Suona la sveglia, la spengo e mi alzo.
Guardo fuori dalla finestra: un cielo grigio e malinconico circonda tutto un paesaggio misto tra inverno e primavera, morte e rinascita.
Un paesaggio confuso, che non fa capire se trasmette ansia o felicità.
Mi guardo attorno nella mia stanza e vedo mucchi di vestiti sparsi illuminati dalla luce che filtra dalle finestre creando un ambiente calmo, immobile.
I miei sono in casa, ma non sul piano dove si trova la mia camera, questo rende tutto ancora più fermo.
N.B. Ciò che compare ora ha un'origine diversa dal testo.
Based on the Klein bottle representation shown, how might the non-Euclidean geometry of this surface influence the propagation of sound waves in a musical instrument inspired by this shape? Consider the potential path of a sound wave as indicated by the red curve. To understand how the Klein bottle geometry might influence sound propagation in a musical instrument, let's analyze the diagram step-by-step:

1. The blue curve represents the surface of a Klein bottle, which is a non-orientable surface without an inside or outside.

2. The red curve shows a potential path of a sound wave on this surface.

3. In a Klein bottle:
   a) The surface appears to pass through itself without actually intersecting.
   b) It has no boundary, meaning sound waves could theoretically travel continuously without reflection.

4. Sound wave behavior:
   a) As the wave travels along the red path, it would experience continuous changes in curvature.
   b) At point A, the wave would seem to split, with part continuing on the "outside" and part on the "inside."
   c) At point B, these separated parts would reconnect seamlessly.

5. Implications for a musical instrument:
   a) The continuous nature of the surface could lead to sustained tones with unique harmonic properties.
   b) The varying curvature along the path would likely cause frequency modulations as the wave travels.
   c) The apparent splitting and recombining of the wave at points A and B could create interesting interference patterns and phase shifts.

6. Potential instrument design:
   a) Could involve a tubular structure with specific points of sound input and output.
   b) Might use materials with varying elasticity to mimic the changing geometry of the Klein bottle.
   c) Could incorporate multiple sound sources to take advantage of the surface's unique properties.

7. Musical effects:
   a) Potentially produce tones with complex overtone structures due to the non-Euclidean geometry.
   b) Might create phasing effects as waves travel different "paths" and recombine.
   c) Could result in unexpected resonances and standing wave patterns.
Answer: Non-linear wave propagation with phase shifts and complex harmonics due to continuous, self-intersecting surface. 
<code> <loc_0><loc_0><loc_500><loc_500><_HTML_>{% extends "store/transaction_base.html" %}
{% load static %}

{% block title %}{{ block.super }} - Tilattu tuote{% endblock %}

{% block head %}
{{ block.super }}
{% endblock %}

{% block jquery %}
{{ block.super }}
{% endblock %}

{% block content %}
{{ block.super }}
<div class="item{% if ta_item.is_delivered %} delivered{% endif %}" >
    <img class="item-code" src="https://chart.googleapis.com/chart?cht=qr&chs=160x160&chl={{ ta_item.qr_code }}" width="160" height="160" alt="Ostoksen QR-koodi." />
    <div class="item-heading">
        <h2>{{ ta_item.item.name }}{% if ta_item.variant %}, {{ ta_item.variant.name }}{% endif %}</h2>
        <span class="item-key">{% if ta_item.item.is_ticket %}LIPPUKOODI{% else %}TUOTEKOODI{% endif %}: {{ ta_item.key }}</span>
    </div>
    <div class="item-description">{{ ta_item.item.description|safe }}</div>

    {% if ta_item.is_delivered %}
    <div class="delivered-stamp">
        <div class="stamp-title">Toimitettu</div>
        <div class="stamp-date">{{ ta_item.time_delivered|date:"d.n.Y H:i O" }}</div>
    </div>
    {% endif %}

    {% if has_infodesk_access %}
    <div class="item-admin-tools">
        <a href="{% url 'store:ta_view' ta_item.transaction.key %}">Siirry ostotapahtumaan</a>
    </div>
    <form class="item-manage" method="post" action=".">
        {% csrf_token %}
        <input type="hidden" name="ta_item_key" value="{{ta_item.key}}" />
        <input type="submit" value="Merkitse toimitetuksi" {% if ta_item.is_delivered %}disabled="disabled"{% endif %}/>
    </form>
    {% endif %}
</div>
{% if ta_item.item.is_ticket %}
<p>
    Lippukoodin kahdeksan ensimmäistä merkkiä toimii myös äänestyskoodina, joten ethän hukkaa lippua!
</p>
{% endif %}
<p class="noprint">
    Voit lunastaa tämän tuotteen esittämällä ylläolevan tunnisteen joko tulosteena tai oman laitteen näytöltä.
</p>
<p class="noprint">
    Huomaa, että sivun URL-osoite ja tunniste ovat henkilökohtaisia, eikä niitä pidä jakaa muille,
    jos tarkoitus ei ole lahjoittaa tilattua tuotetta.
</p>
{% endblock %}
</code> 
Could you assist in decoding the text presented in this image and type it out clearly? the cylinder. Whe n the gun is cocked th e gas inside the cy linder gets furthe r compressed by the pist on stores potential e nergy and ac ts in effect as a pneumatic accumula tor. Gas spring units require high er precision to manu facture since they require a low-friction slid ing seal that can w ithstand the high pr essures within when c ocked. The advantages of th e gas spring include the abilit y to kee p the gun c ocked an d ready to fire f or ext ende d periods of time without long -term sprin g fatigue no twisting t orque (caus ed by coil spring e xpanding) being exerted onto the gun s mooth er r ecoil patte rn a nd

Non si sentono rumori da fuori, non c'è vento, non ci sono uccelli che volano.
C'è solo un corvo appoggiato su un tetto, di profilo, gli risaltano il becco e le piume nere, pronti a rendere tutto l'ambiente più cupo.
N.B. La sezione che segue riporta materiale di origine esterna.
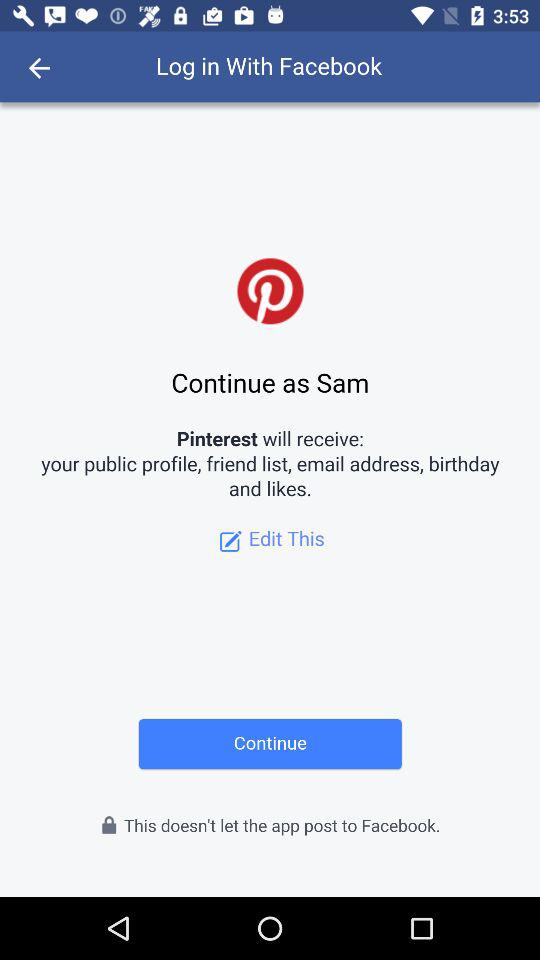Through what application is the person logging in? The person is logging in through "Facebook".

Ripenso a ieri, alle scariche di adrenalina che attraversavano il mio corpo, al mio cuore impazzito che batteva talmente forte che avevo paura scoppiasse.
A quel poliziotto dietro di me che mi guardava mentre parlavo con due mie amiche da un balconcino della stazione, alla marijuana nella mia tasca pronta per calmarmi ma anche per incasinarmi la vita.
Ricordo l'amico di fianco a me che chiede gli orari dei treni per far sembrare quella situazione meno surreale, poi la camminata di fianco a due poliziotti sperando che non mi uscisse la ganja dalla tasca e poi la corsa per andare il più lontano possibile da quel posto.
Ormai questo è solo un ricordo dove tutto è finito per il meglio, ma perché continua a mettermi ansia?
Continua a venirmi in mente la domanda "e se?"
E se cosa? È tutto finito ma è ancora tutto qui nella mia testa, pronto a insorgere dal nulla, anche dal più felice dei pensieri.
È una cosa piccola, praticamente senza significato...Ma penso che sia la chiave per raccontare la mia storia, la storia di un ragazzo tormentato da diavoli che prendono il nome di ricordi e di rituali per scacciarli anche solo per poco.
Una storia che vuole cercare da cosa nascono le emozioni e da cosa vengono tolte.